Provide again, from the entries below, every line from the one containing "- car from (230, 905) to (256, 919)" through the one containing "- car from (1041, 864) to (1256, 1065)", exactly as written, and no other line.

·····

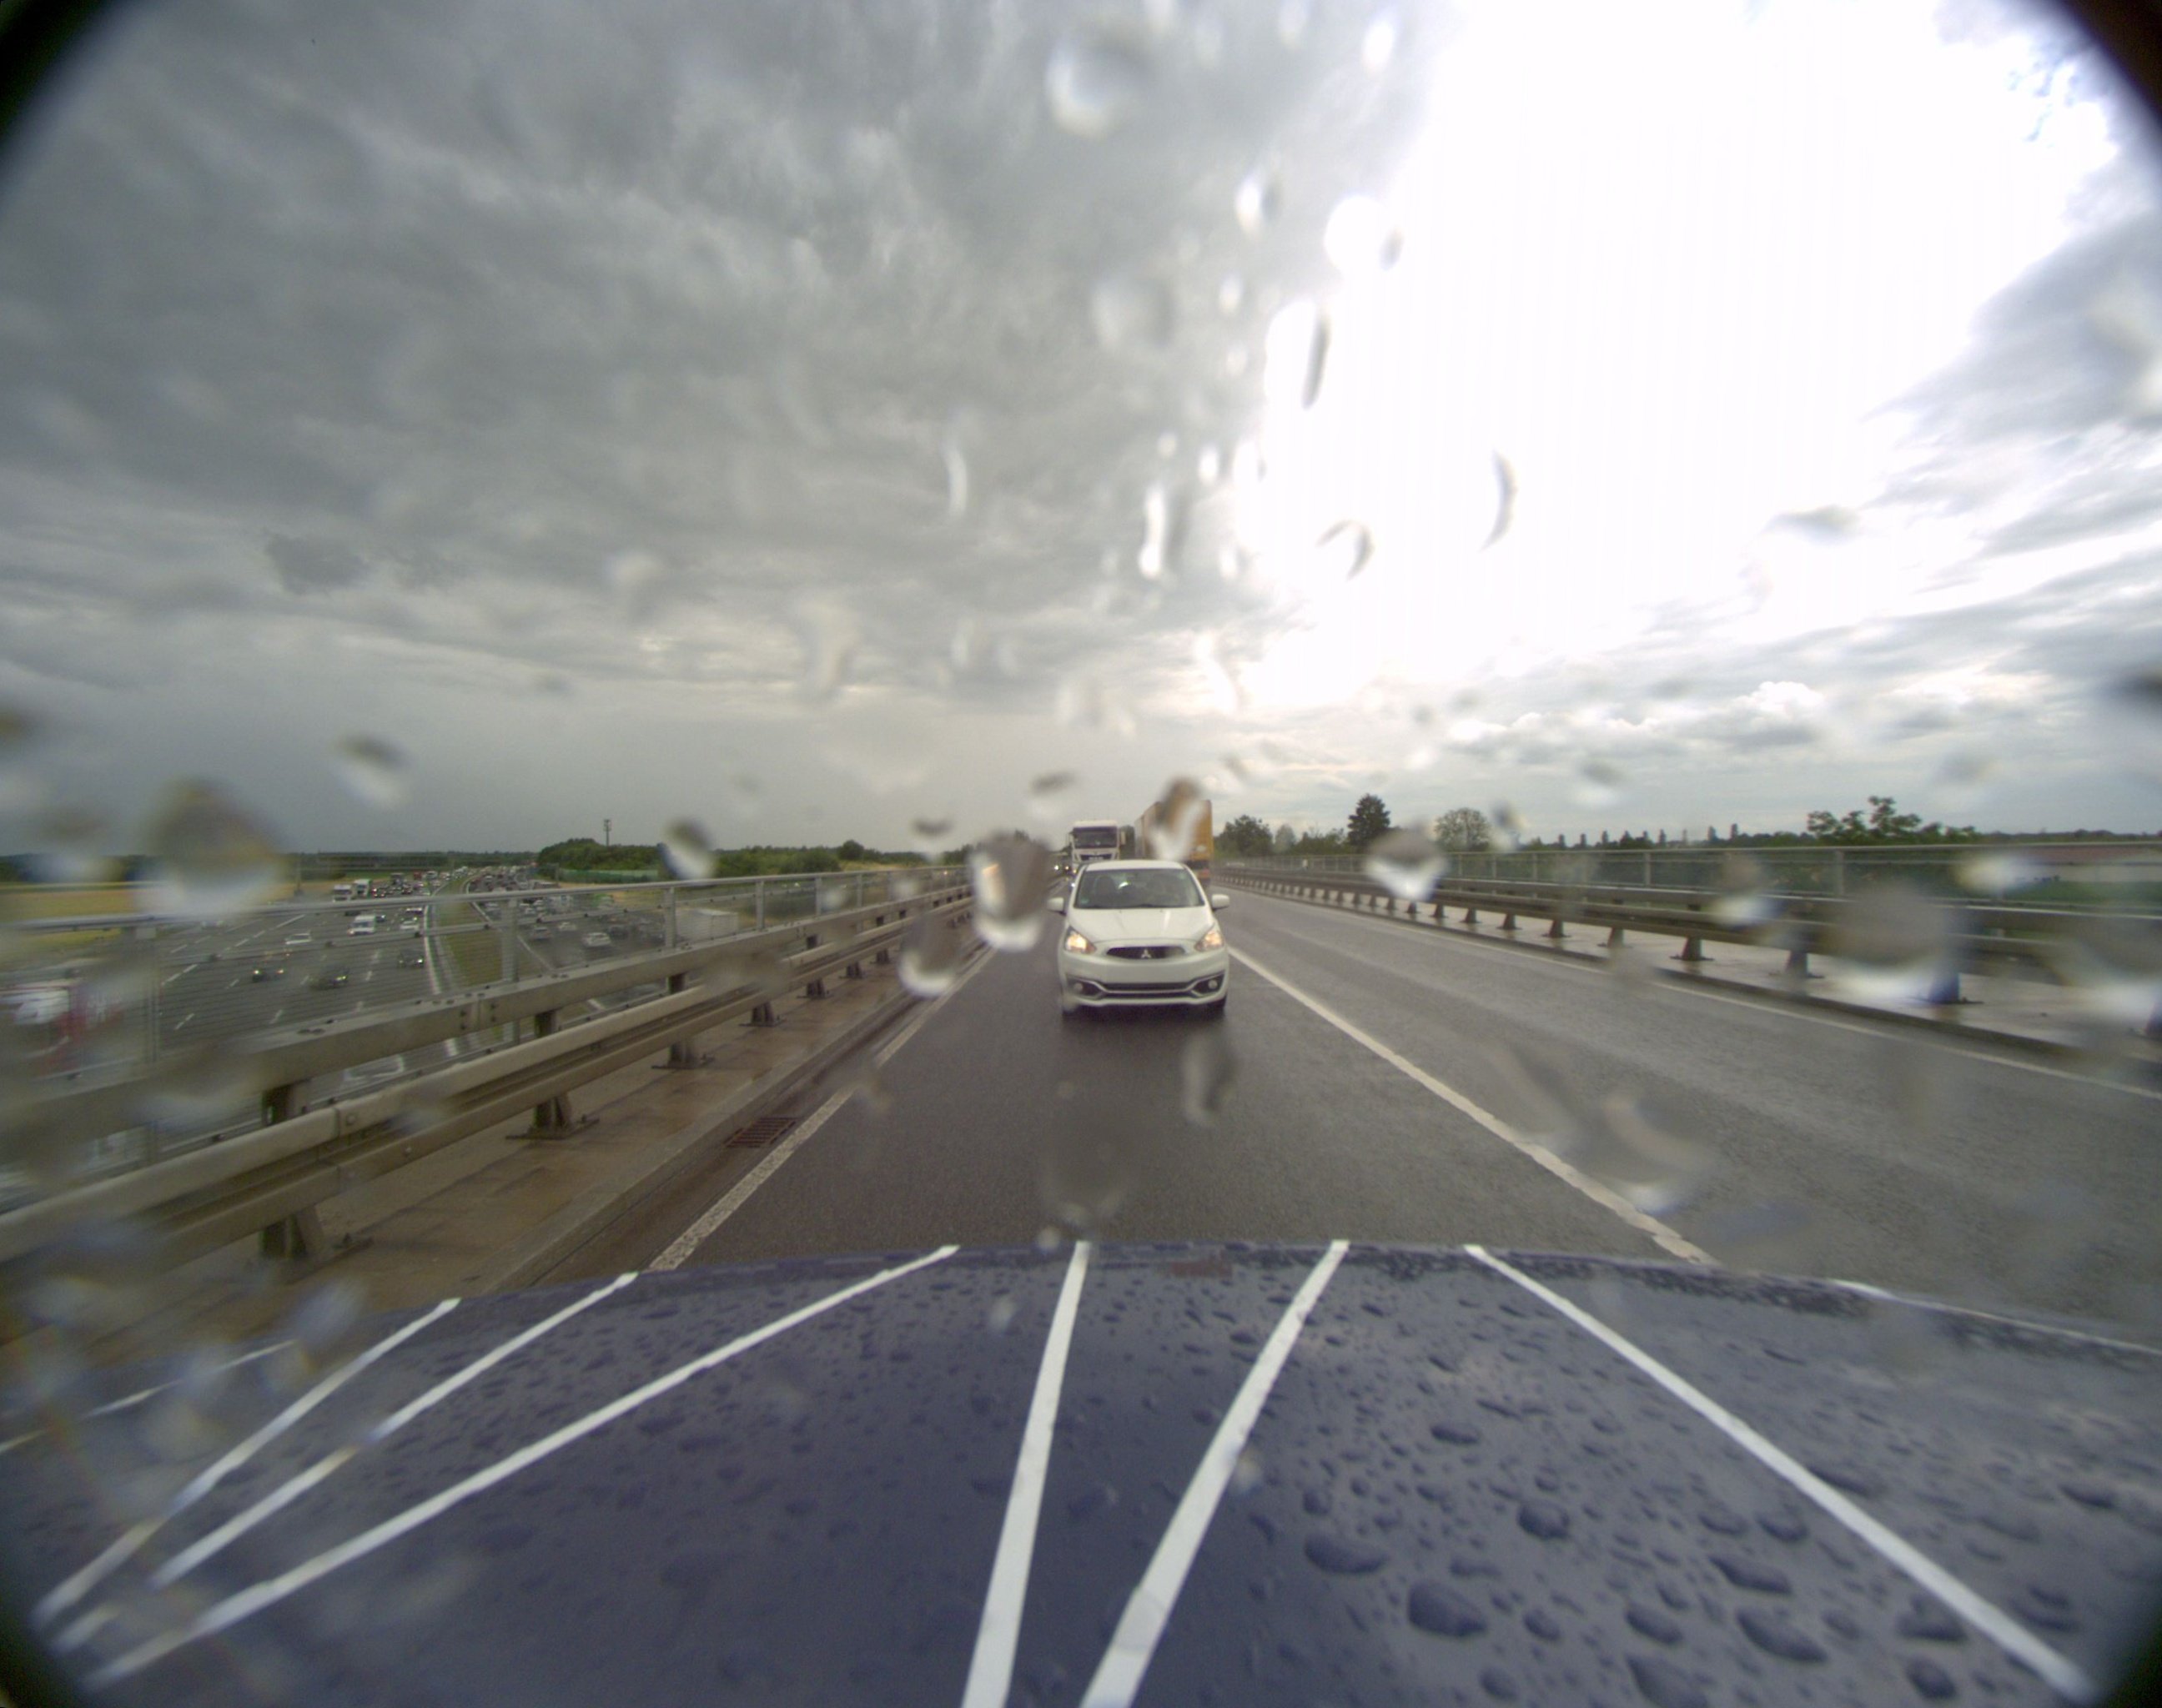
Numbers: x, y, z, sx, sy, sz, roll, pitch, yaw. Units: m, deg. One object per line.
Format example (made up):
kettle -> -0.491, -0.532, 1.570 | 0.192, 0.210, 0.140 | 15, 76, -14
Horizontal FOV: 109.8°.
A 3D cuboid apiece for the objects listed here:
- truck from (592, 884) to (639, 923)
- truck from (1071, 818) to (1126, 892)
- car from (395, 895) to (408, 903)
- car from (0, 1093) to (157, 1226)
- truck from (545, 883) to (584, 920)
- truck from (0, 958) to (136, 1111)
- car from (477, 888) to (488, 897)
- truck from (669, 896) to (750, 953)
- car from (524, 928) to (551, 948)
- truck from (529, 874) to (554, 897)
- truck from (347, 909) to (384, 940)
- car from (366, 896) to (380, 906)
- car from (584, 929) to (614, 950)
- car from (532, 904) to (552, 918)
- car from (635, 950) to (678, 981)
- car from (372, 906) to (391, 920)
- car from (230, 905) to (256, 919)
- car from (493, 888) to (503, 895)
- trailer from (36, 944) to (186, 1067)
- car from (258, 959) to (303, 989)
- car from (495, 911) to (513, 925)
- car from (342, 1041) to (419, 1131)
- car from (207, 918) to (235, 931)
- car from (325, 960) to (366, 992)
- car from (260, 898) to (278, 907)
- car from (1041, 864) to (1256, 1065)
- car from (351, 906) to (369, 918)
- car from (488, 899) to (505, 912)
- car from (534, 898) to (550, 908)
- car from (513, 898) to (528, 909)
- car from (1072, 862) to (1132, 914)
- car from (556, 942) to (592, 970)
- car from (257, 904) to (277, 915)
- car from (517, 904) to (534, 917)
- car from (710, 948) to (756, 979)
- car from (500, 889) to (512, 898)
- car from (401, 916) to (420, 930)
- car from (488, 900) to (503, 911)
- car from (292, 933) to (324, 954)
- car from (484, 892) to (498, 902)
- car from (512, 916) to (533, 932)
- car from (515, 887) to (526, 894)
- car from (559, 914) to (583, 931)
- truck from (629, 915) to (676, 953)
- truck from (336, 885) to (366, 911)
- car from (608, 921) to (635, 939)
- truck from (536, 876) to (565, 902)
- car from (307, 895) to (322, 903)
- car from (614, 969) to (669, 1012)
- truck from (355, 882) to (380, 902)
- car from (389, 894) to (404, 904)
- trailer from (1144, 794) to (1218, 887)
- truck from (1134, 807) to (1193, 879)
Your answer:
truck -> -69.324, 7.161, 112.988 | 3.302, 5.135, 15.588 | -3, 1, -41
truck -> 0.835, -0.138, 41.687 | 2.631, 3.537, 8.474 | -2, 3, 0
car -> -147.641, 9.763, 165.183 | 1.860, 1.659, 4.712 | -3, 1, -40
car -> -27.801, 8.329, 21.156 | 1.818, 1.873, 4.711 | -3, 1, -41
truck -> -84.424, 7.579, 123.939 | 3.302, 5.411, 15.588 | -3, 1, -41
truck -> -42.733, 7.180, 31.401 | 2.691, 4.599, 9.727 | -3, 1, -41
car -> -145.845, 9.371, 185.098 | 1.860, 1.764, 4.712 | -3, 1, -40
truck -> -37.316, 6.770, 75.802 | 3.611, 4.511, 15.588 | -3, 1, -39
car -> -58.198, 8.947, 81.309 | 1.860, 1.659, 4.712 | -3, 1, -40
truck -> -132.710, 7.652, 186.725 | 3.500, 5.321, 15.588 | -3, 1, -41
truck -> -85.606, 8.363, 91.062 | 2.601, 3.161, 8.373 | -3, 1, -40
car -> -146.583, 9.727, 157.299 | 1.860, 1.659, 4.712 | -3, 1, -40
car -> -48.899, 8.642, 77.076 | 1.860, 1.659, 4.712 | -3, 1, -40
car -> -77.688, 8.220, 109.499 | 1.860, 1.764, 4.712 | -3, 1, -40
car -> -31.799, 8.283, 56.880 | 1.860, 1.659, 4.712 | -3, 1, -40
car -> -104.287, 8.768, 113.351 | 1.818, 1.659, 4.712 | -3, 1, -41
car -> -123.781, 8.526, 112.272 | 1.860, 1.659, 4.712 | -3, 1, -40
car -> -151.208, 9.699, 197.020 | 1.860, 1.764, 4.712 | -3, 1, -40
trailer -> -49.098, 7.360, 38.827 | 2.691, 4.602, 9.882 | -3, 1, -41
car -> -62.192, 9.288, 59.092 | 1.818, 1.659, 4.712 | -3, 1, -41
car -> -86.623, 9.613, 114.125 | 1.860, 1.659, 4.712 | -3, 1, -40
car -> -24.956, 8.166, 27.185 | 1.818, 1.836, 4.711 | -3, 1, -41
car -> -114.520, 9.364, 101.235 | 1.818, 1.427, 4.711 | -3, 1, -41
car -> -54.681, 9.027, 56.556 | 1.818, 1.659, 4.712 | -3, 1, -41
car -> -147.650, 8.860, 138.179 | 1.818, 1.427, 4.711 | -3, 1, -41
car -> 0.566, 0.923, 8.188 | 1.675, 1.476, 4.129 | -2, 0, 1
car -> -119.329, 9.628, 125.802 | 1.860, 1.659, 4.712 | -3, 1, -40
car -> -94.229, 8.257, 122.536 | 1.860, 1.764, 4.712 | -3, 1, -40
car -> -101.219, 9.186, 142.673 | 1.860, 1.764, 4.712 | -3, 1, -40
car -> -106.439, 9.382, 144.211 | 1.860, 1.764, 4.712 | -3, 1, -40
car -> 0.624, 1.001, 23.882 | 1.675, 1.366, 4.129 | -2, 0, 1
car -> -41.579, 8.333, 62.285 | 1.860, 1.659, 4.712 | -3, 1, -40
car -> -137.988, 9.386, 128.857 | 1.818, 1.427, 4.711 | -3, 1, -41
car -> -94.861, 9.617, 129.722 | 1.860, 1.764, 4.712 | -3, 1, -40
car -> -25.842, 8.072, 56.372 | 1.860, 1.659, 4.712 | -3, 1, -40
car -> -131.402, 9.082, 173.569 | 1.860, 1.764, 4.712 | -3, 1, -40
car -> -98.072, 10.075, 111.160 | 1.860, 1.659, 4.712 | -3, 1, -40
car -> -106.971, 9.425, 138.805 | 1.860, 1.764, 4.712 | -3, 1, -40
car -> -78.759, 9.119, 77.496 | 1.818, 1.659, 4.712 | -3, 1, -41
car -> -116.180, 8.521, 149.560 | 1.860, 1.764, 4.712 | -3, 1, -40
car -> -72.770, 9.123, 98.962 | 1.860, 1.659, 4.712 | -3, 1, -40
car -> -139.921, 9.110, 189.664 | 1.860, 1.764, 4.712 | -3, 1, -40
car -> -62.449, 8.360, 92.982 | 1.860, 1.659, 4.712 | -3, 1, -40
truck -> -42.203, 7.758, 74.717 | 2.216, 2.948, 9.283 | -3, 1, -40
truck -> -150.692, 8.971, 156.990 | 2.799, 4.871, 12.724 | -3, 1, -37
car -> -52.619, 8.698, 87.003 | 1.860, 1.659, 4.712 | -3, 1, -40
truck -> -116.368, 7.524, 166.493 | 3.500, 5.321, 15.588 | -3, 1, -41
car -> -158.817, 9.373, 157.377 | 1.818, 1.427, 4.711 | -3, 1, -41
car -> -25.508, 7.869, 44.018 | 1.860, 1.659, 4.712 | -3, 1, -40
truck -> -177.478, 9.424, 189.069 | 2.799, 4.591, 12.724 | -3, 1, -37
car -> -134.781, 8.880, 149.602 | 1.860, 1.659, 4.712 | -3, 1, -40
trailer -> 4.834, -0.612, 38.284 | 2.689, 4.051, 8.485 | -2, 0, 1
truck -> 4.993, -0.623, 47.533 | 2.689, 3.993, 10.055 | -2, 0, 1
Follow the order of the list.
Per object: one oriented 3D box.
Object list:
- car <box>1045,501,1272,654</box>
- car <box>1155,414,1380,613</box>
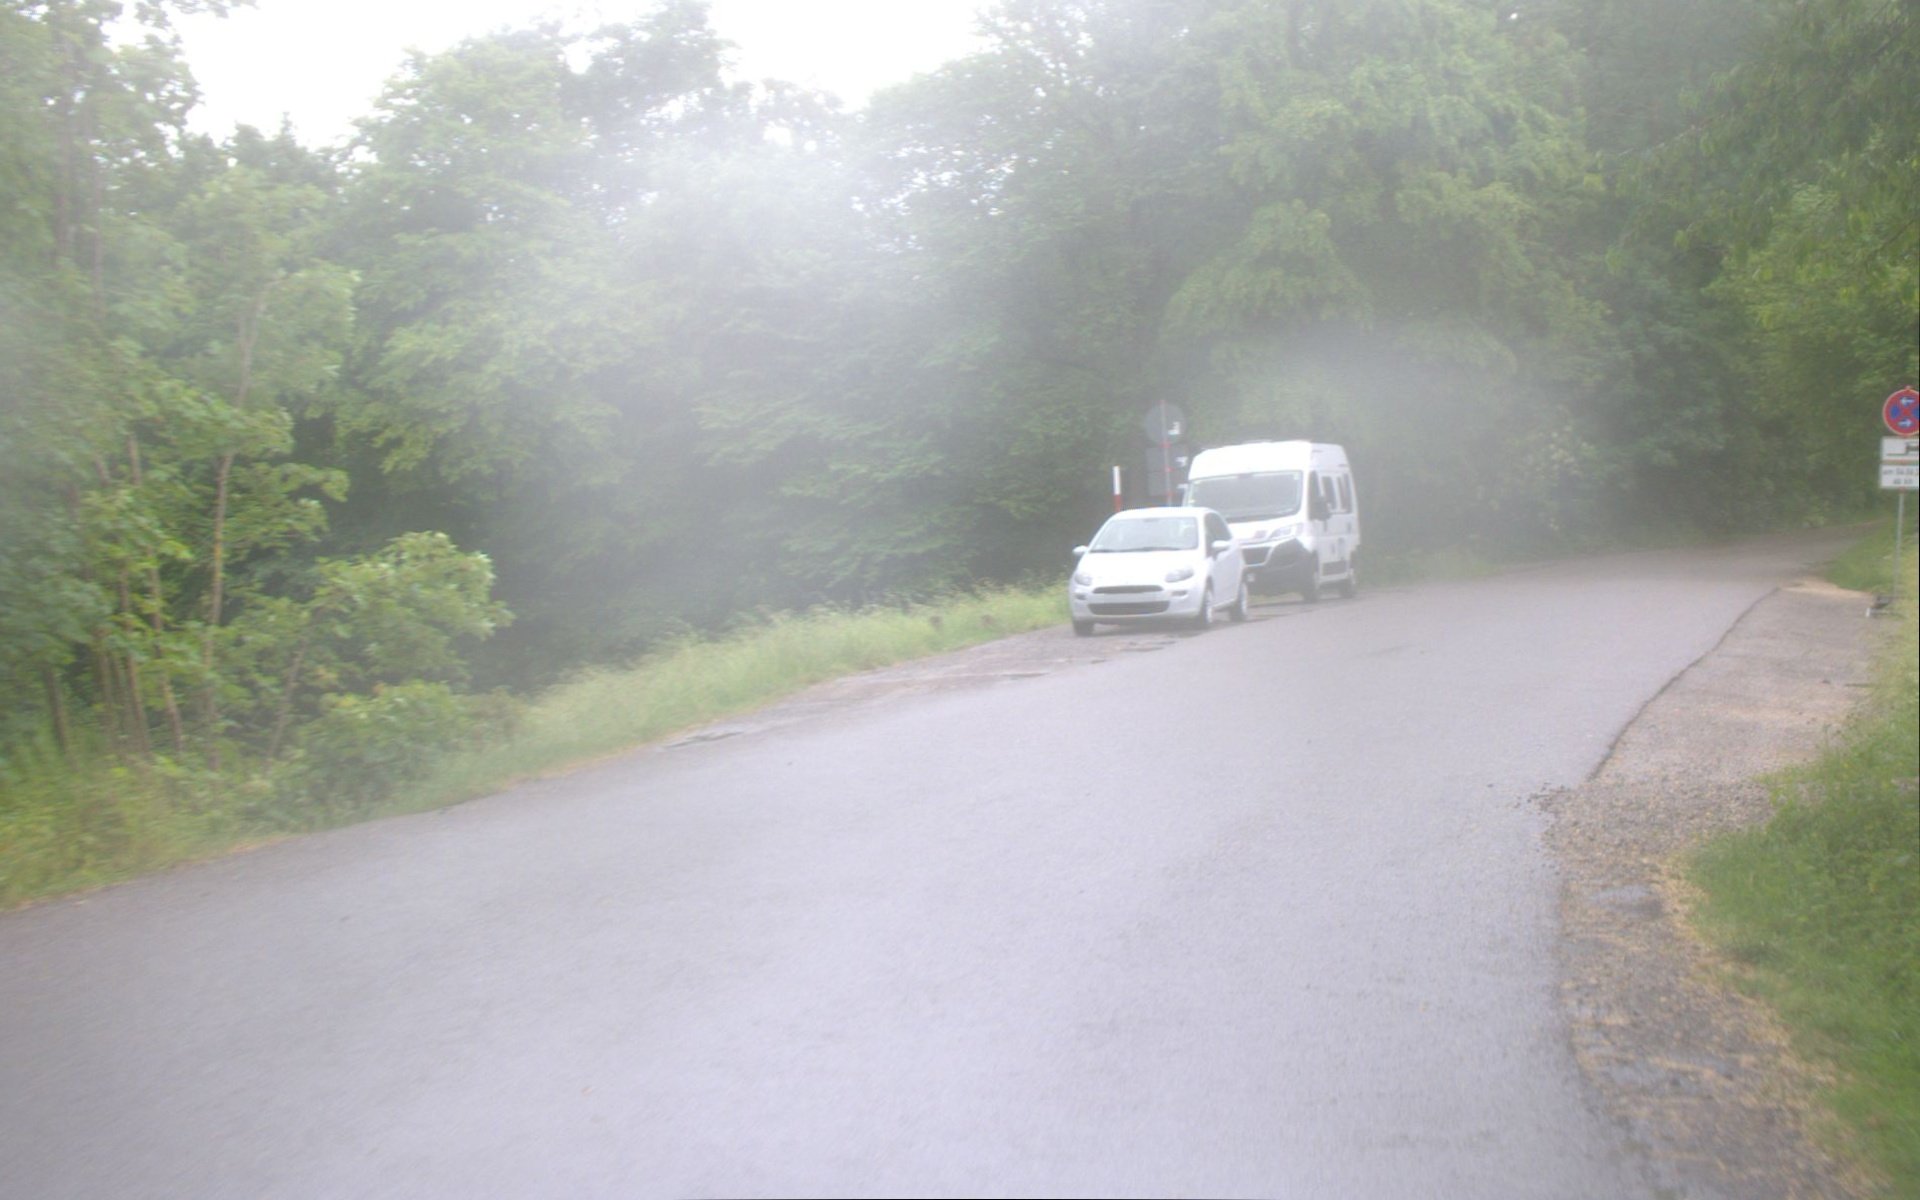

·····

Result of this task ::
- car from (230, 905) to (256, 919)
- car from (493, 888) to (503, 895)
- trailer from (36, 944) to (186, 1067)
- car from (258, 959) to (303, 989)
- car from (495, 911) to (513, 925)
- car from (342, 1041) to (419, 1131)
- car from (207, 918) to (235, 931)
- car from (325, 960) to (366, 992)
- car from (260, 898) to (278, 907)
- car from (1041, 864) to (1256, 1065)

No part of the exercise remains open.